**Records drawn from a dataset:**
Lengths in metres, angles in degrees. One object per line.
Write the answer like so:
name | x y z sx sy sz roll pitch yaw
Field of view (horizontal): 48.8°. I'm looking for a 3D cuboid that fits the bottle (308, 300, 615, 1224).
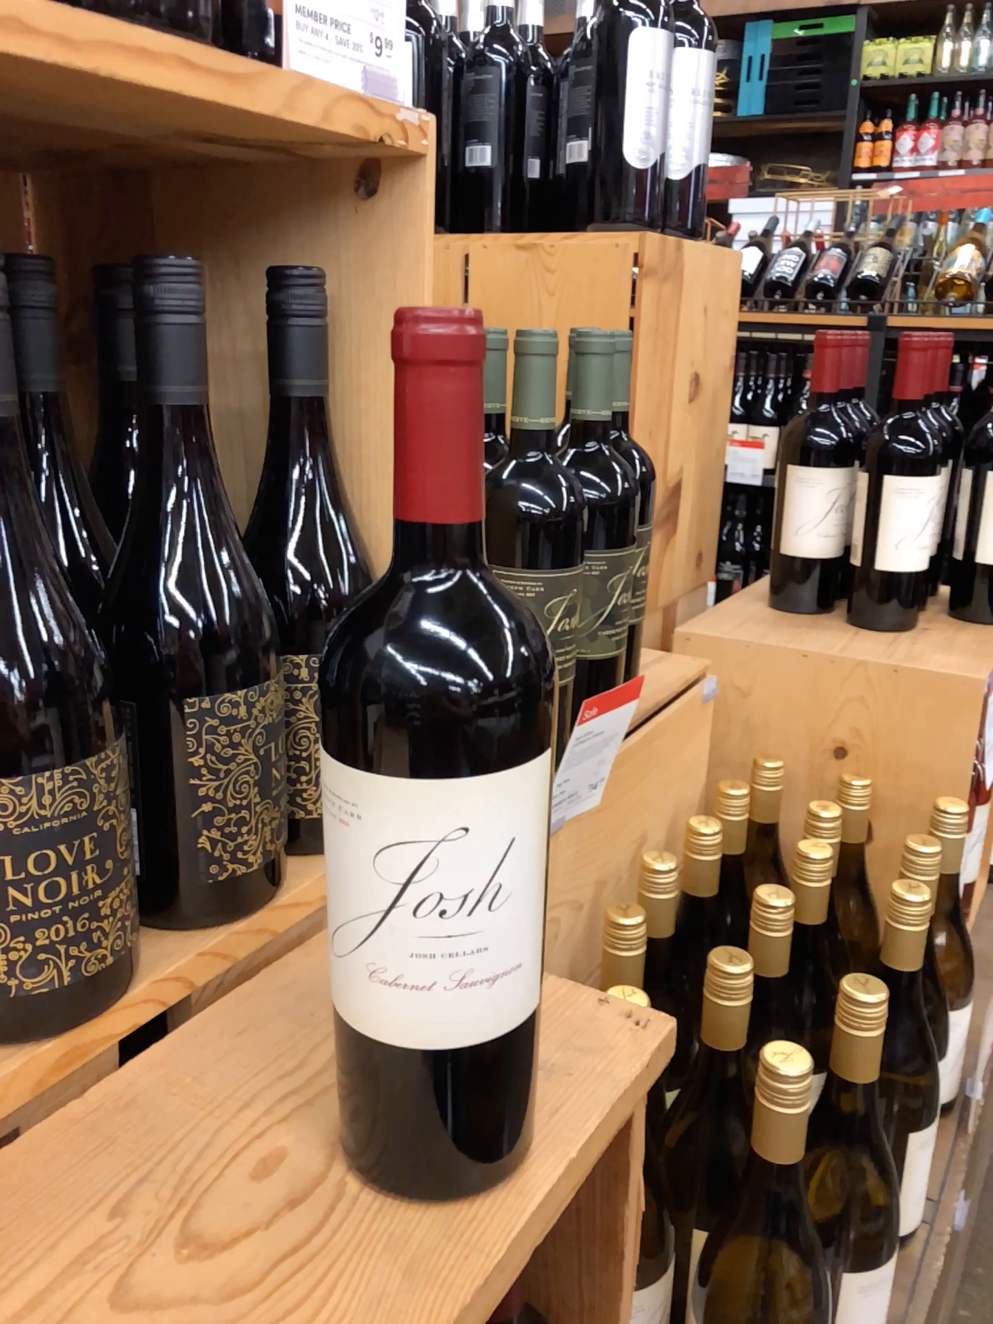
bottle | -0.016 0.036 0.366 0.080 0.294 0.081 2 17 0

**Exercise:** Produce an exact copy of only those lines that run from the line with "name | x y z sx sy sz roll pitch yaw" to the final line of the records, including both; exclude images.

**Your response:**
name | x y z sx sy sz roll pitch yaw
Field of view (horizontal): 48.8°. I'm looking for a 3D cuboid that fits the bottle (308, 300, 615, 1224).
bottle | -0.016 0.036 0.366 0.080 0.294 0.081 2 17 0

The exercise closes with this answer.